- Work required
Scan the records below. Copy every line in which the word "cuboid" appears.

- Task material

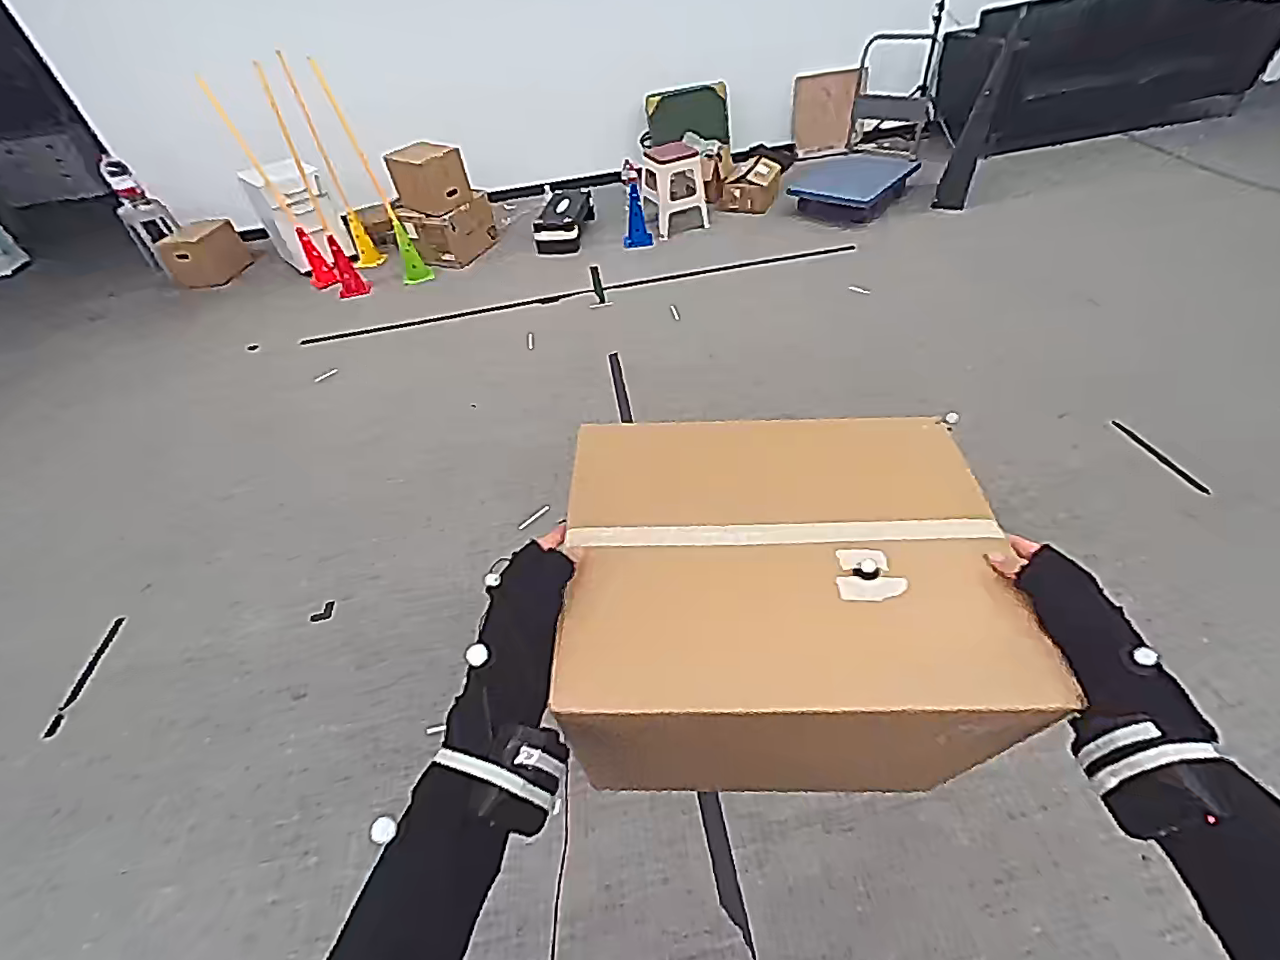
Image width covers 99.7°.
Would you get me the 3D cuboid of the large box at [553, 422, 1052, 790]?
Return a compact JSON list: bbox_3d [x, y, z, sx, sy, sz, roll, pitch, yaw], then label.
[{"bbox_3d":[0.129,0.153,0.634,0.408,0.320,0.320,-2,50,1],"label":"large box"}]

---

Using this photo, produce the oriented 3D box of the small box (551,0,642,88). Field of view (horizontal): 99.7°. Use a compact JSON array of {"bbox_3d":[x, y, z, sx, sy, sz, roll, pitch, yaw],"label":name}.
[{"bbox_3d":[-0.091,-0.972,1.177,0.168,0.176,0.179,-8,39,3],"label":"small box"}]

--

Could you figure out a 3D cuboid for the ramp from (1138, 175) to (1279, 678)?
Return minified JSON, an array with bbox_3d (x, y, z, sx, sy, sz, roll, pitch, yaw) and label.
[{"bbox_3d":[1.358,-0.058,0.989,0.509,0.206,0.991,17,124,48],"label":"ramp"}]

- Response to the exercise
Would you get me the 3D cuboid of the large box at [553, 422, 1052, 790]?
Could you figure out a 3D cuboid for the ramp from (1138, 175) to (1279, 678)?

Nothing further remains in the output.